Una vez estuvo sólidamente aferrado, saltó torpemente sobre la cubierta y cayó de bruces. Una forma oscura cruzó frente a él y Max alzó la mirada, con la esperanza de ver a Roland. La silueta de Caín desplegó su capa y le mostró un objeto dorado que se balanceaba del extremo de una cadena. Max reconoció su reloj.
—¿Buscas esto? —preguntó el mago, arrodillándose junto al muchacho y meciendo el reloj que Max había perdido en el mausoleo de Jacob Fleischmann ante sus ojos.
—¿Dónde está Jacob? —interrogó Max, ignorando la mueca burlona que parecía fijada al rostro de Caín como una mascarilla de cera.
—Ésa es la pregunta del día —respondió el mago—, y tú me ayudarás a responderla.
Caín cerró su mano sobre el reloj y Max escuchó el crujido del metal. Cuando el mago mostró de nuevo la palma abierta, apenas quedaba del regalo que su padre le había hecho un amasijo irreconocible de tornillos y tuercas aplastadas.
—El tiempo, querido Max, no existe; es una ilusión. Incluso tu amigo Copérnico hubiese adivinado eso si hubiese tenido precisamente tiempo. ¿Irónico, verdad?
Max calculó mentalmente las posibilidades que tenía de saltar por la borda y escapar del mago. El guante blanco de Caín se cerró sobre su garganta antes de que pudiera respirar.
—¿Qué es lo que va a hacer conmigo? —gimió Max.
—¿Qué harías contigo si estuvieses en mi lugar? —preguntó el mago.
Max sintió cómo la presa letal de Caín le cortaba la respiración y circulación a la cabeza.
—¿Es una buena pregunta, verdad?
El mago soltó a Max sobre la cubierta.

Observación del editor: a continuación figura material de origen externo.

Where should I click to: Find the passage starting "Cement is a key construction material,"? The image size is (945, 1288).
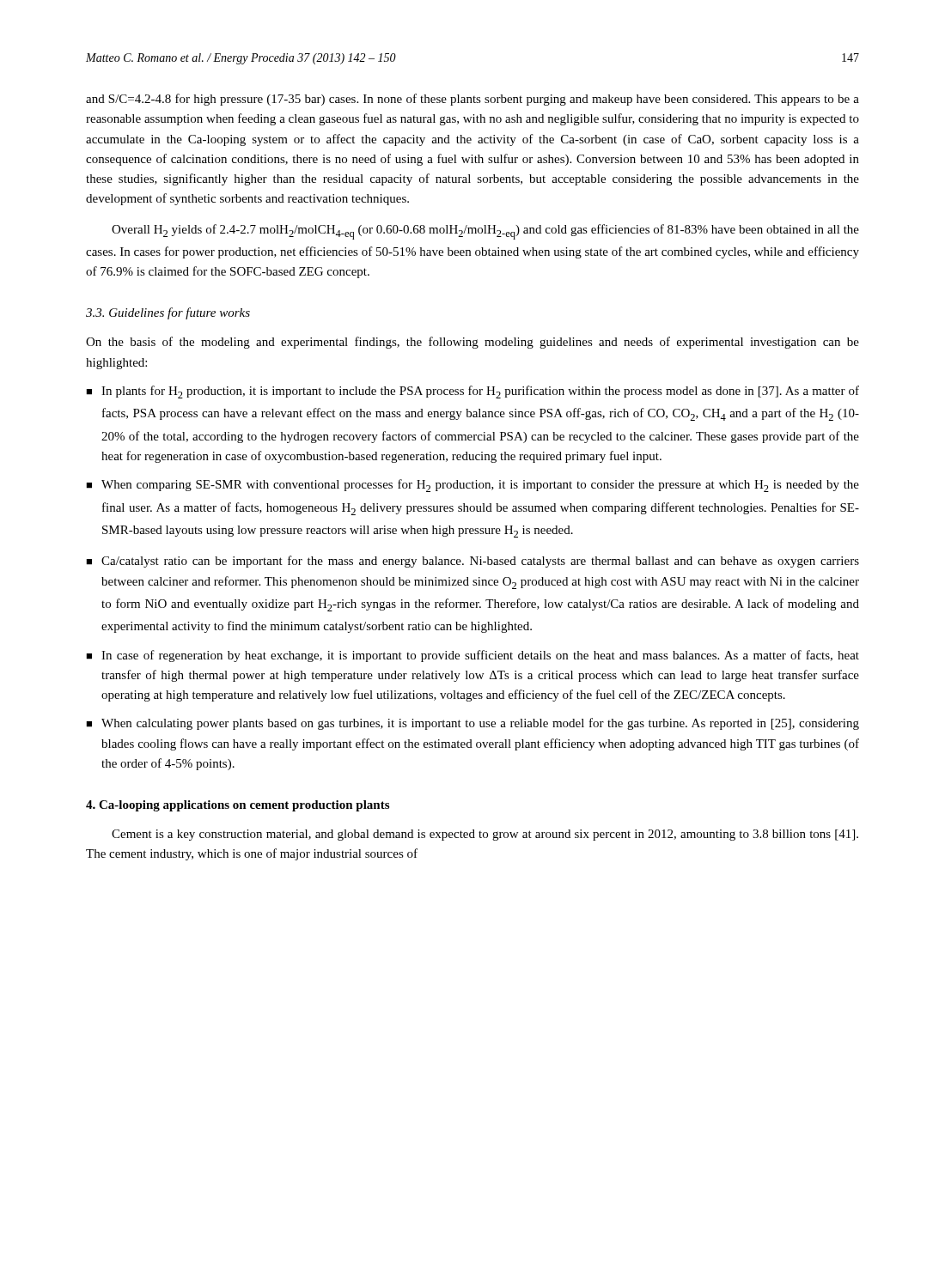(x=472, y=844)

El impacto del metal herrumbroso contra su cuerpo le nubló la visión por unos segundos y un espasmo de nausea se apoderó de él.

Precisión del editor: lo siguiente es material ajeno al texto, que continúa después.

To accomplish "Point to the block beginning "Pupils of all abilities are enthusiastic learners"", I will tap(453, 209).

—¿Por qué persigue a Jacob? —balbuceó Max, tratando de ganar tiempo para Roland.
—Los negocios son los negocios, Max —respondió el mago—. Yo ya cumplí mi parte del trato.
—¿Pero qué importancia puede tener la vida de un chico para usted? —espetó Max—. Además, ya se vengó matando al Dr. Fleischmann, ¿no es cierto?
El rostro del Dr. Caín se iluminó, como si Max acabase de formularle la pregunta que ansiaba responder desde que habían iniciado su diálogo.
—Cuando no se salda la deuda de un préstamo, hay que pagar intereses. Pero eso no anula la deuda. Es mi ley —siseó la voz del mago—. Y es mi alimento. La vida de Jacob y la de muchos como él. ¿Sabes cuántos años hace que recorro el mundo, Max? ¿Sabes cuántos nombres he tenido?